La psiquiatra Elisabeth Kubler Ross, que pasó gran parte de su vida estudiando la muerte y lo que nos pasa frente a situaciones desafiantes, describió las cinco etapas del duelo. El proceso no solo aplica para enfermedades sino para cualquier cosa valiosa que hayamos perdido: la negación, la ira, la negociación, la depresión y, finalmente, la aceptación. La aceptación es hacer las paces con la realidad: eso tan básico que a los argentinos nos cuesta tanto aprender.

La lección de Esteban nos viene a recordar lo que es obvio, pero negamos: que somos finitos, que la vida es provisoria, que los cambios pueden suceder a mucha velocidad, que el control es una ilusión (por lo tanto, la incertidumbre es parte de la vida, con o sin pandemia), que no somos tan importantes, ni tan omnipotentes, ni tan especiales. Nos recuerda el límite: un remedio eficaz para los narcisismos inflados.

Nos subraya que la lucha por querer tener la razón -frente a un otro “equivocado” y, por extensión, despreciable- es una batalla chiquita del ego frente a la hondura de hacer el esfuerzo emocional por ponerse en los zapatos de otro que no piensa como yo. Es decir, que no es yo. Solemos dar por sentado que tenemos razón. Sin embargo, hay malas noticias para los obcecados: muy menudo el otro también tiene su porción de verdad.

La lección de Esteban hace foco en la humildad, frente a la egolatría de muchos actores de la vida pública. De nuevo, lo obvio pero negado: nadie se salva solo. “Por eso es tan nociva la grieta ——dice Bullrich-; es fácil para ganar una elección, pero después no podes gobernar”.

Agitar la grieta es lo más parecido a una droga: tiene efecto inmediato -en votos, en rating, en seguidores-, pero nos va degradando en el largo plazo. Los marcadores diagnósticos de la realidad argentina muestran, año tras año, esta irrefutable decadencia.

En otro momento de un diálogo hipnotizante revela que, gracias a su enfermedad, hoy puede discernir lo importante de lo urgente: “Dios me está dando la oportunidad de procesar este camino: de elegir qué es importante y qué no lo es. Eso es una gracia”.

La urgencia de la grieta es una descarga emocional rápida que descarta el trabajoso proceso democrático de buscar conciliaciones, elevándonos por sobre las diferencias. Ninguna transformación duradera es posible sin acuerdos sustentables.

Esteban lo dijo así: “La salida del país no es magia, no es un milagro. El milagro va a ser que entendamos que lo tenemos que sacar entre todos pidiéndonos ayuda entre nosotros. Lo que falta es humildad”.
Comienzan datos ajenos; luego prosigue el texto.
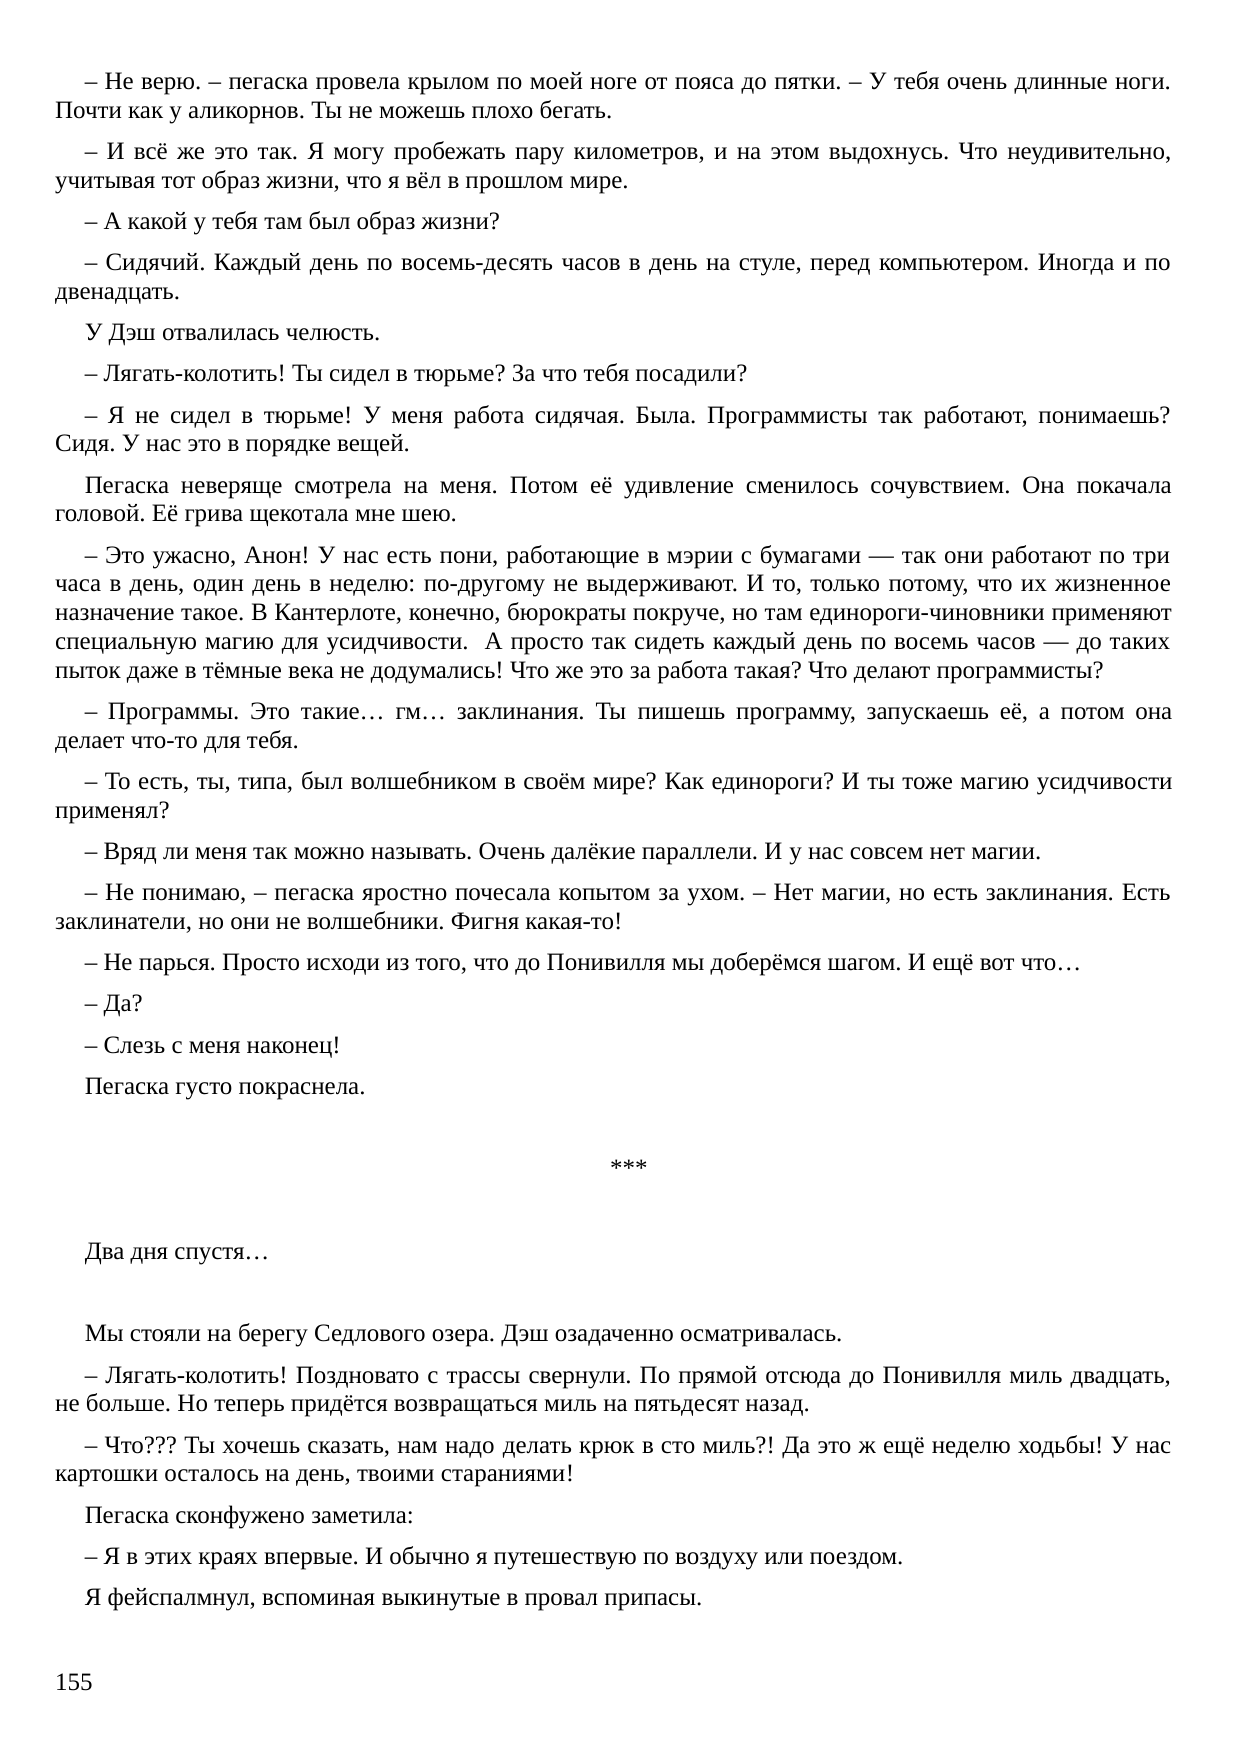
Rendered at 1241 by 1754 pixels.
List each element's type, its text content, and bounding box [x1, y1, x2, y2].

Pero lo más relevante vino casi al final: “Esta enfermedad no me define: lo que me define es cómo yo llevo adelante la enfermedad”. ¿Aplica a la Argentina? Sí. Nuestros problemas estructurales, nuestra situación terminal, no necesariamente nos define: lo que cuenta es cómo la gestionamos. ¿Con puentes, aunque sean mínimos, o con violencia?

Tal vez lo que muchos perciben como una tragedia personal encierre un valioso tesoro colectivo.